Bitcoins im Wallet aufbewahren – Wie sicher ist das?

Grundsätzlich hat jede Form von Bitcoin-Wallets ihre eigenen Vor- und Nachteile. Es liegt an jedem Benutzer, seine Konten ordnungsgemäß zu sichern und die für ihn bequemste und kostengünstigste Lösung zu wählen.

Während Online- oder Software-Wallets (Desktop oder Mobilgerät) einen einfachen und schnellen Zugriff auf das Internet ermöglichen, gehen sie auf Kosten der Sicherheit. Sie sind ein beliebtes Ziel für Internet-Hacker, die versuchen, Bitcoin oder andere Kryptowährungen über das Internet zu stehlen. Andererseits sind physische Speicher wie Hardware oder Papiergeldbörsen im Laufe der Zeit anfällig für Diebstahl, Zerstörung und Verschlechterung.

Es ist eine gute Faustregel, mehrere verschiedene Arten von Wallets zu verwenden und sicherzustellen, dass das eigene Bitcoin-Kontingent nicht nur auf einem Wallet vorhanden ist.

Es gibt weitere Verfahren, die zum Schutz des eigenen Kontos ergriffen werden können.
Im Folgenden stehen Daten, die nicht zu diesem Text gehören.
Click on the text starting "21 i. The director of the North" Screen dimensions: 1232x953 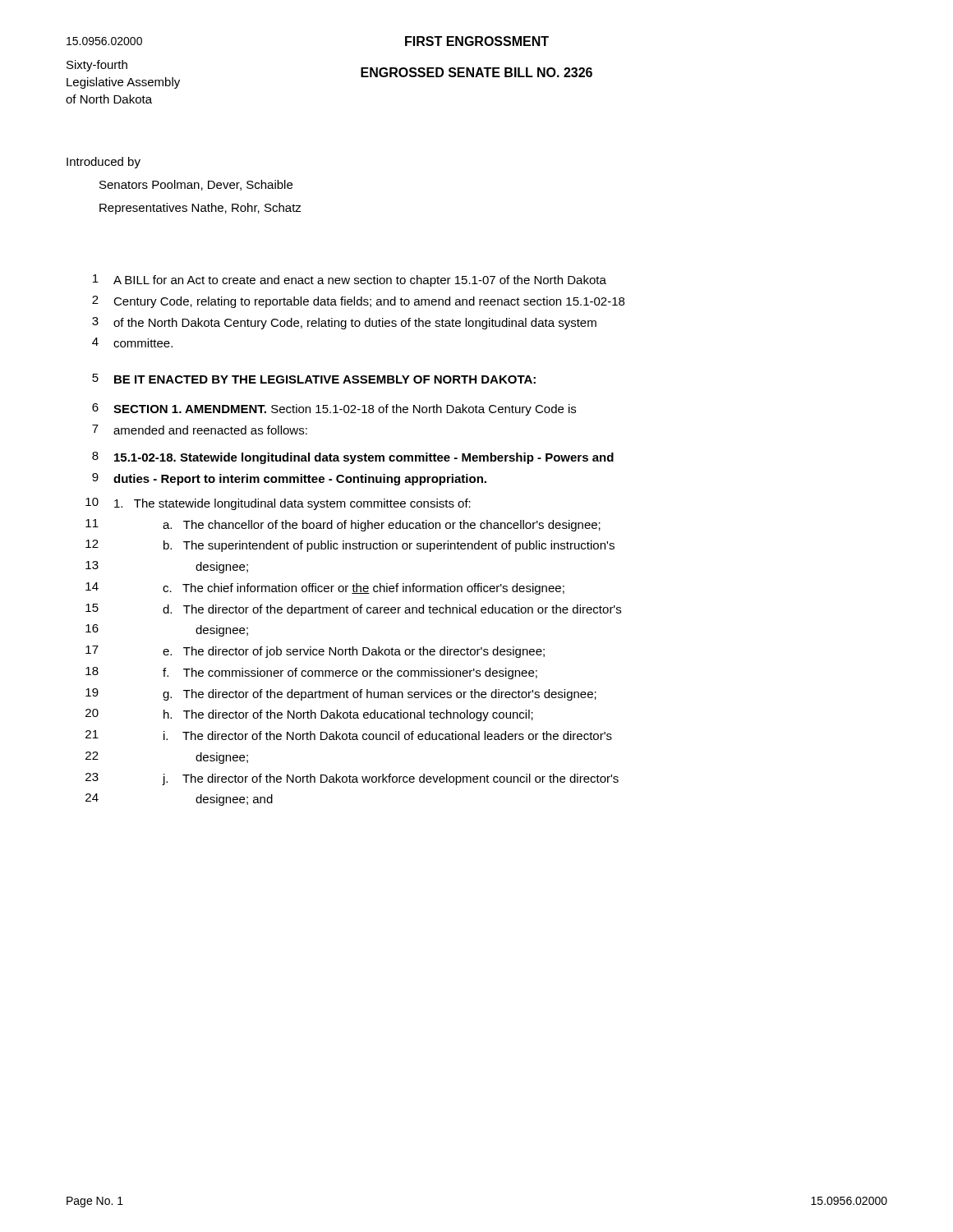coord(476,736)

Nutzer von Online-Wallet-Diensten können die Zwei-Faktor-Authentifizierung nutzen, was bedeutet, dass sie neben dem Check-in mit einem Login und einem ausreichend komplexen Passwort auch einen eindeutigen Code von einem Gerät ihrer Wahl als „zweite Sicherheitsebene“ eingeben können .

Wir werden uns ansehen, warum Sie sollte in Bitcoin investieren im zehnten Teil unseres Bitcoin Basics-Reihe.

Autor
  • Luke Handt

    Luke Handt ist ein erfahrener Kryptowährungsinvestor und -berater mit über sieben Jahren Erfahrung im Bereich Blockchain und digitale Vermögenswerte. Seine Leidenschaft für Krypto begann während seines Informatik- und Wirtschaftsstudiums an der Stanford University in den frühen 7er Jahren.

    Seit 2016 ist Luke ein aktiver Kryptowährungshändler und investiert strategisch in große Münzen sowie aufstrebende Altcoins. Er kennt sich mit fortgeschrittenen Krypto-Handelsstrategien, Marktanalysen und den Nuancen von Blockchain-Protokollen aus.

    Neben der Verwaltung seines eigenen Krypto-Portfolios teilt Luke sein Fachwissen als Krypto-Autor und -Analyst für führende Finanzpublikationen mit anderen. Es macht ihm Spaß, Einzelhändler über digitale Vermögenswerte aufzuklären, und er ist eine gefragte Stimme auf Fintech-Konferenzen weltweit.

    Wenn er nicht gerade an Preistabellen festhält oder vielversprechende neue Projekte recherchiert, genießt Luke das Surfen, Reisen und guten Wein. Derzeit lebt er in Newport Beach, Kalifornien, wo er die Kryptomärkte weiterhin aufmerksam verfolgt und sich mit anderen Branchenführern austauscht.